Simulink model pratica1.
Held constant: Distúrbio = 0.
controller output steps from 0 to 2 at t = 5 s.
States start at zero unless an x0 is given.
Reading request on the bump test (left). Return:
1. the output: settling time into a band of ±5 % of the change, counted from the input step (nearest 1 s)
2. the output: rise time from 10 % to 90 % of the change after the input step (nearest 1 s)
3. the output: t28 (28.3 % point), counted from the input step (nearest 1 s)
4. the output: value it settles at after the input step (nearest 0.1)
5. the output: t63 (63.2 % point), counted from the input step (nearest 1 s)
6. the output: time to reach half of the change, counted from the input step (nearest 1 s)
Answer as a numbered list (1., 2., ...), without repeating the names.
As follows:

-------------------------

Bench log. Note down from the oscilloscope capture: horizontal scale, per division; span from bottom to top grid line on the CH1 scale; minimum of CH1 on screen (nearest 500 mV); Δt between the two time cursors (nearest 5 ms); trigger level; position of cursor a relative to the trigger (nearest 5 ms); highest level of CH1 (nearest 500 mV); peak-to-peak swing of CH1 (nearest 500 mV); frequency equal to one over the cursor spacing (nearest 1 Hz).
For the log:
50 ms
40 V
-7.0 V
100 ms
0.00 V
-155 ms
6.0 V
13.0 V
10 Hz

-------------------------

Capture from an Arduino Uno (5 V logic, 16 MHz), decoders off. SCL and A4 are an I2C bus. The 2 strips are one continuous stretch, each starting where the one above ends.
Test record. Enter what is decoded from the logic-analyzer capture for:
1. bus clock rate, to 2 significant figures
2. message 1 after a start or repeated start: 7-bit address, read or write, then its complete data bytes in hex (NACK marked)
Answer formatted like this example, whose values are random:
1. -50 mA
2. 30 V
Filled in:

-------------------------

*What is expected*
Take each line from the preceding material that contains "point" and copy it.

*Result of the exercise*
3. the output: t28 (28.3 % point), counted from the input step (nearest 1 s)
5. the output: t63 (63.2 % point), counted from the input step (nearest 1 s)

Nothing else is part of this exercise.